Upgrade from “single computing” to “Full scene Intelligent computing”
- Real-time data lake
Real-time data into the lake, real-time updates at the minute level
- One lake storehouse
Open up lake and warehouse, enhance enterprise data business capacity, a data intelligent flow
- Data science
From BI to AI scenarios, support for deep learning and heterogeneous computing frameworks
- Computing engine multivariate ecology
Support Databricks, Cloudera and other diversified computing and analysis capabilities
How to better real-time data lake? Real-time data lake functionality through open source components like Hudi. How to better align the needs of data science? For example, in the field of AI, we often use some python and programming-based development experience that data scientists like. How to combine it with the underlying data lake storage and management system? How do we integrate very mature enterprise ecosystem products like Databricks and Cloudera with our underlying data lake? These are some of the enterprise-level capabilities that we’ve been building over the last year or making it easier for our developers and engineers to use the data Lake. How to do storage? How to do management? How do you do more diverse calculations? These are the core points of the development of the data lake to the 3.0 stage.

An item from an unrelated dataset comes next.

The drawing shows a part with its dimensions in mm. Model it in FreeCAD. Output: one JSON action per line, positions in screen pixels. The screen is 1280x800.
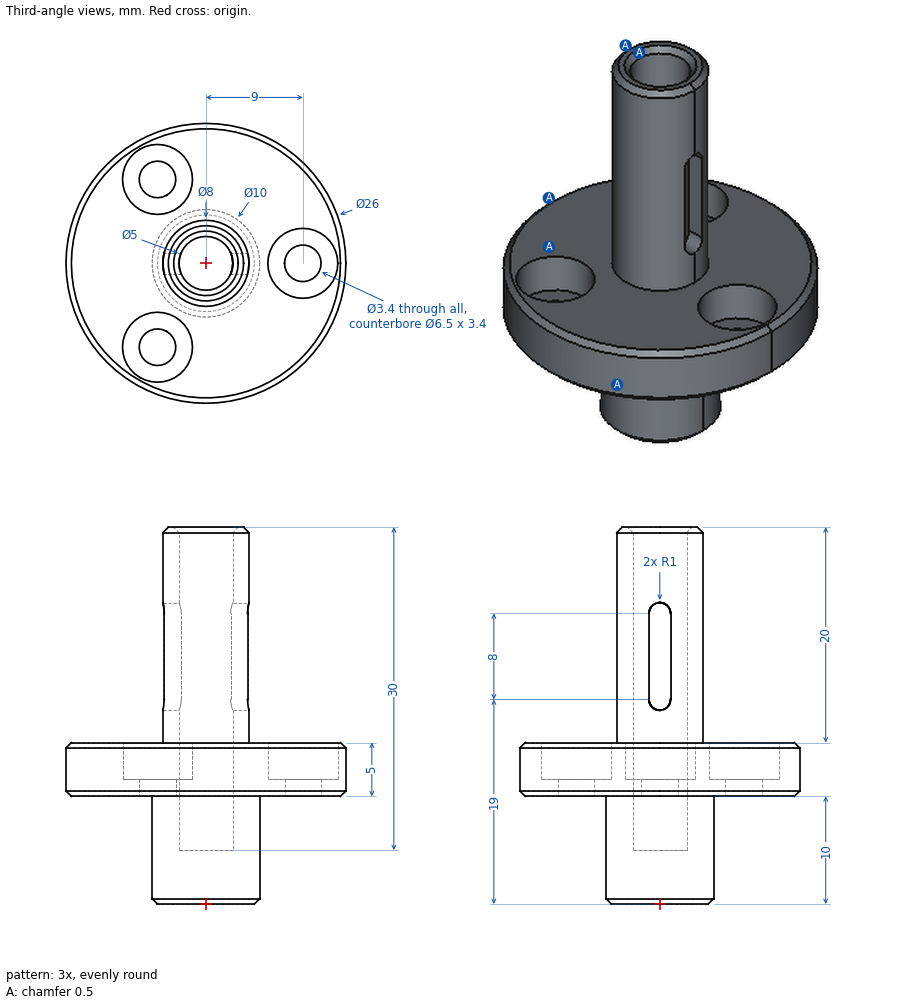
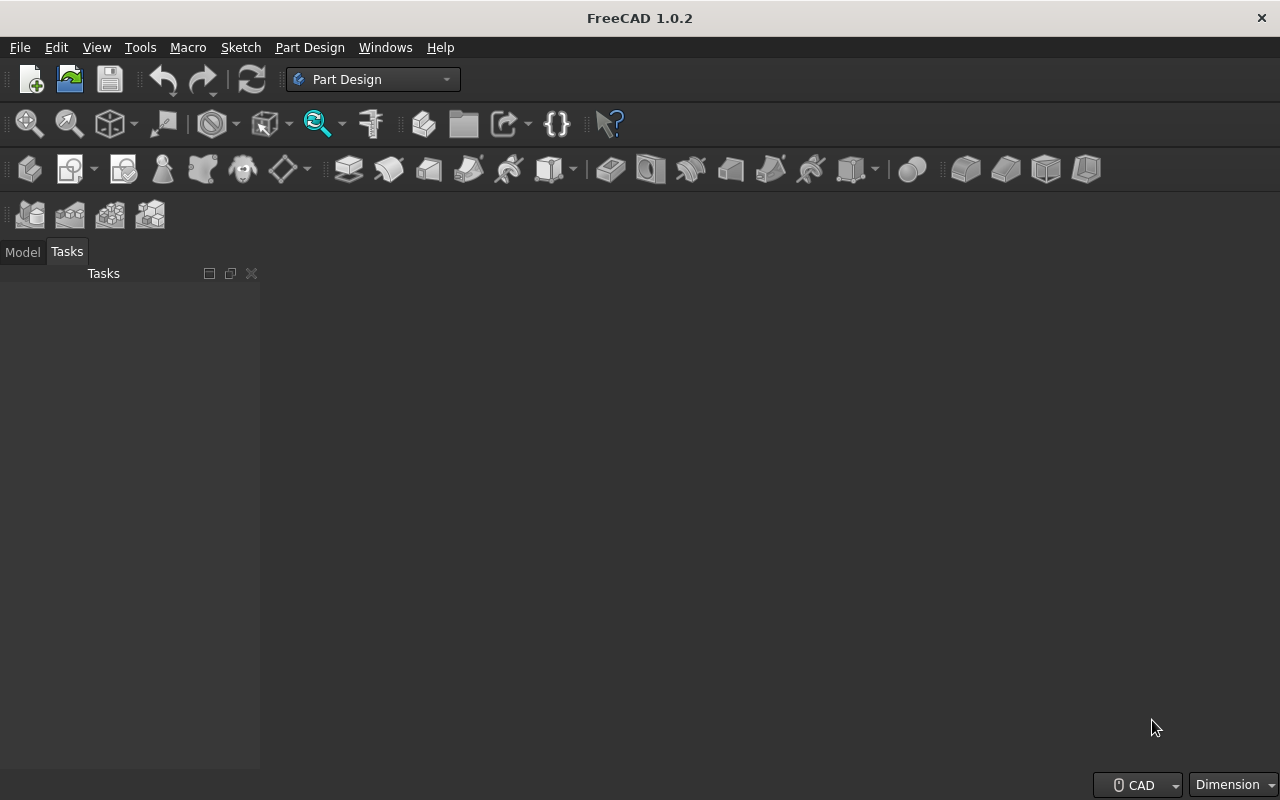
{"action": "left_click", "coordinate": [30, 80]}

Thousands of enterprises and Ali Cloud to open data lake 3.0 best practices
- 6000+ data lake customers
- Eb-level data lake capacity
- Minute-level data will enter the lake in real time
- TB but data lake throughput
On Aliyun, there are many enterprises using the data lake. It uses a very large amount of storage and a very diverse set of computations. In the process of use, such a product is polished together. Since the beginning of 19 years ago, the continuous iteration of data Lake cannot be separated from the trust of partners. Thank you.
The original link
This article is the original content of Aliyun and shall not be reproduced without permission.